Tips for Minimal-Prep Slow Cooker Success (H2)
- Prep the night before: chop veggies in advance and store in airtight containers for morning assembly.
- Layering matters: denser vegetables (potatoes, carrots) should go at the bottom near the heat source; meats can sit on top.
- Skip browning when pressed for time—but if you have 10 minutes, quickly sear meat to deepen flavor.
- Keep some pantry staples on hand: canned tomatoes, beans, broth, dried spices, and rice.
- Use liners or spray your slow cooker for easy cleanup when making sticky sauces or fatty meats.
- Adjust liquids: slow cookers don’t lose as much moisture as stovetop methods, so you can slightly reduce broth or water amounts if a recipe seems too soupy.
Meal Prep and Freezing Ideas (H2)
- Many of these recipes freeze well. Cook in bulk, portion into freezer-safe containers, and thaw in the refrigerator overnight before reheating.

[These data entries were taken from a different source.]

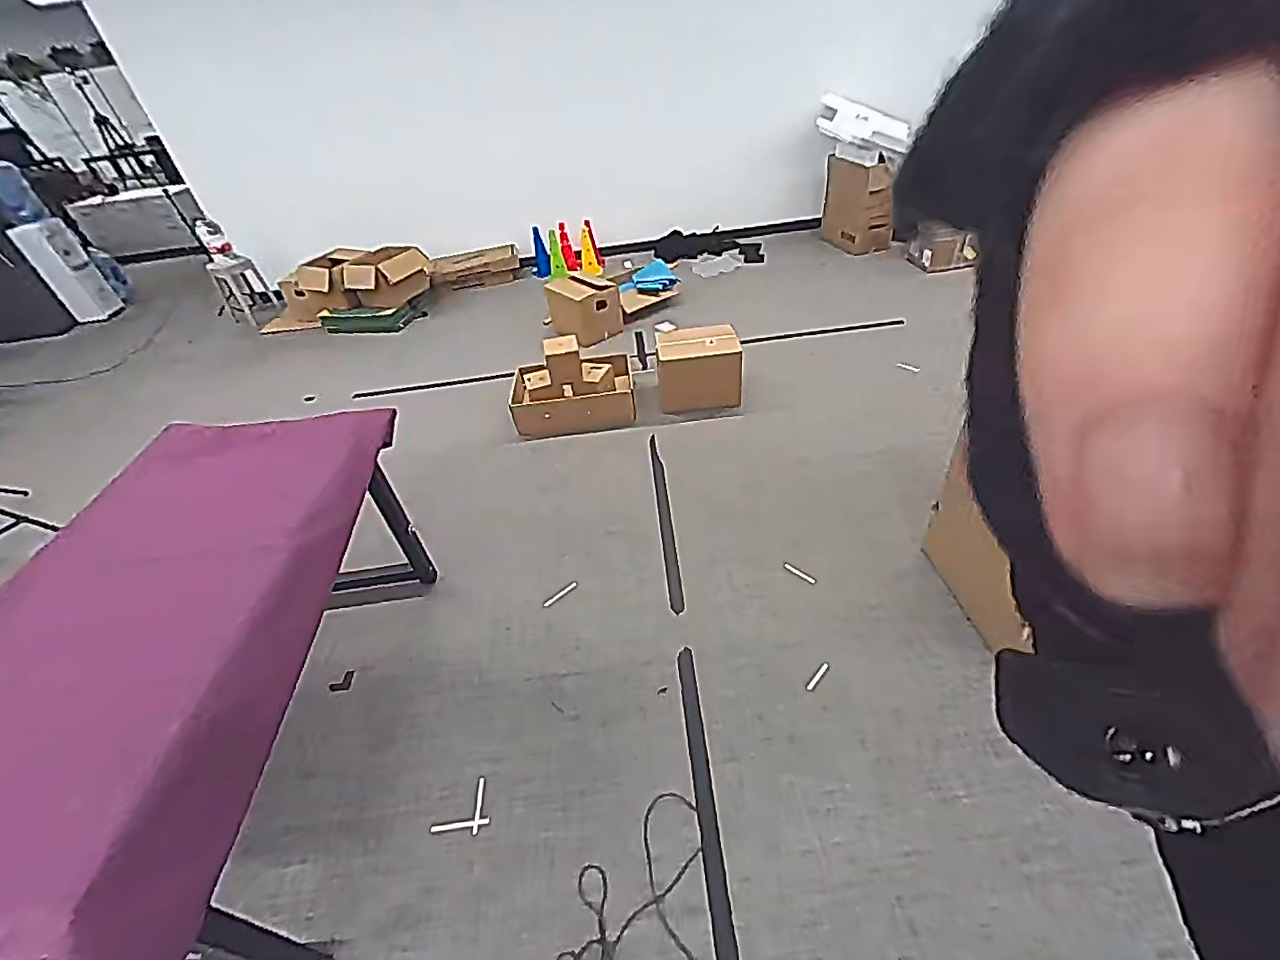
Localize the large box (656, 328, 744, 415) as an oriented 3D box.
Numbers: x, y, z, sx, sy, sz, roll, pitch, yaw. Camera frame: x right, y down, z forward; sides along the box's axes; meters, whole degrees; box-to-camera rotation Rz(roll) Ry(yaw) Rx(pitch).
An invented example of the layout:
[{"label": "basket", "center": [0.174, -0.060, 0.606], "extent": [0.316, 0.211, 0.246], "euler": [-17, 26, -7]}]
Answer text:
[{"label": "large box", "center": [0.302, -0.558, 2.785], "extent": [0.408, 0.320, 0.320], "euler": [-6, 40, 0]}]

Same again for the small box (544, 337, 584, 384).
[{"label": "small box", "center": [-0.376, -0.588, 2.698], "extent": [0.168, 0.176, 0.179], "euler": [-11, 39, -6]}]

- Soups, stews, chili, and pulled meats are especially freezer-friendly and ideal for grab-and-go lunches.
Conclusion
Slow cooker cooking is one of the easiest ways to create home-cooked meals with minimal active time. This list of 20 slow cooker recipes offers a mix of comfort classics, healthy vegetarian options, make-ahead breakfasts, and even a dessert and homemade yogurt—each designed for minimal prep and maximum flavor. Pick a couple of favorites, double the batch, and enjoy the convenience of slow-cooked meals that make weeknights and weekends more relaxed. Ready to decide what to cook today? Plug a recipe into your slow cooker, set the time, and reclaim your evening. Happy cooking!